Framing the problem as one of representation learning, we model the center of mass positional information of the ball and players as a dynamic complete graph. By employing methods such as Joint-Embedding Predictive Architectures, which have recently been shown to be highly efficient and performant in learning representations, we aim to learn a “master representation” of player behavior, across varying timescales and levels of abstraction. With learned representations in-hand, we believe downstream tasks such as action recognition and behavioral understanding, among others, will become significantly easier as they feature limited labeled data.

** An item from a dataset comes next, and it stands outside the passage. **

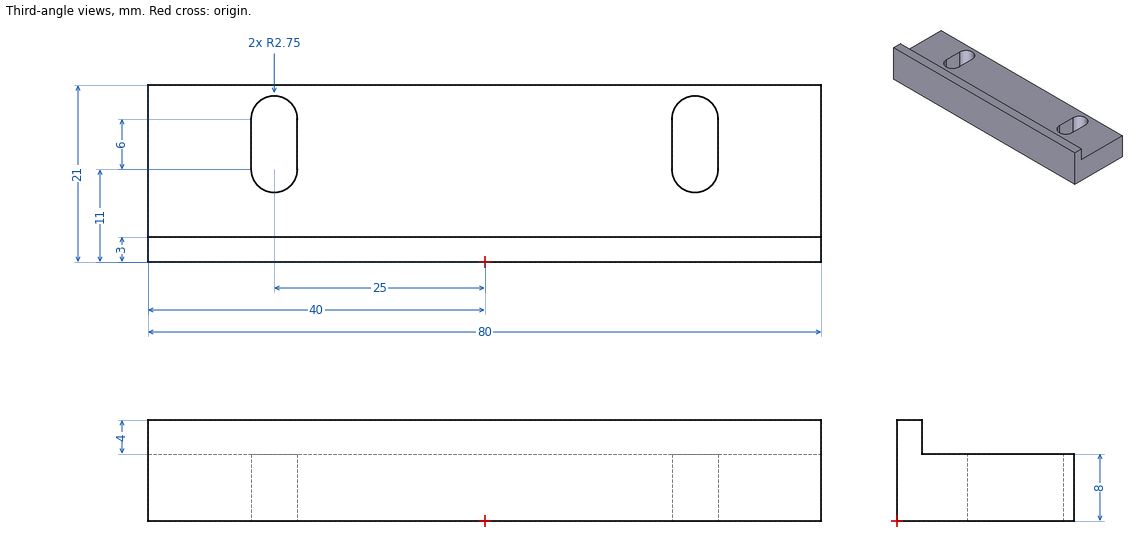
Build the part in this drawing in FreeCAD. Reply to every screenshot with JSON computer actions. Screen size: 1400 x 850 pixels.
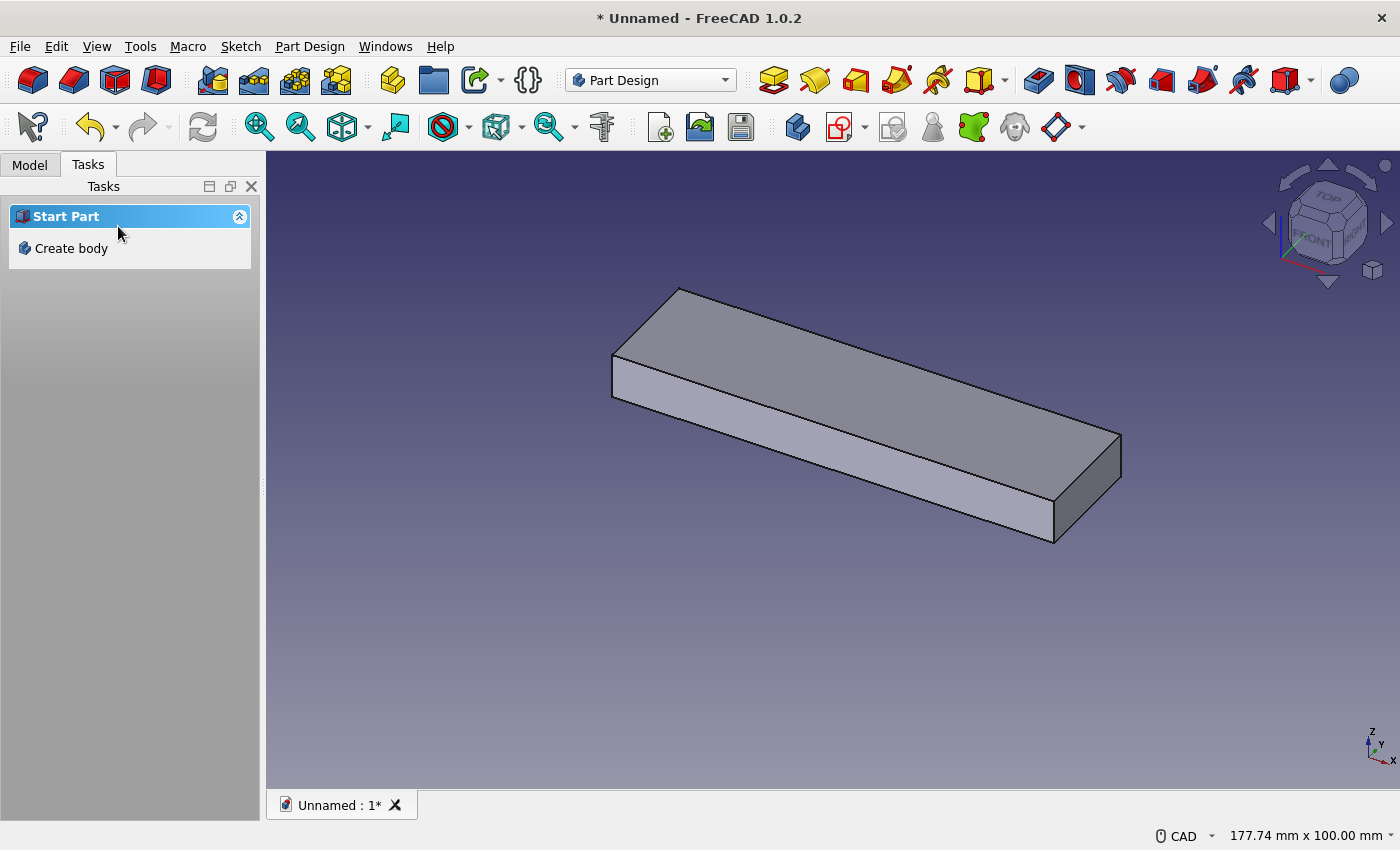
{"action": "key", "text": "v f"}

A preliminary study conducted with a subset of the data available shows emergent phenomena such as identifying player roles solely from temporal positional information, and marking who is likely to take or receive the ball next. To further the understanding of our proposed method, we aim to perform numerous ablation studies to derive insights on how to optimally train such a self-supervised sports-understanding system. To measure the performance of the trained models, we will use quantitative metrics on downstream tasks, in addition to qualitative analysis. Furthermore, we aim to later on include recently introduced skeleton data for more fine-grained input.
We request 100 GB as each data point is small, though there are many data points in the dataset.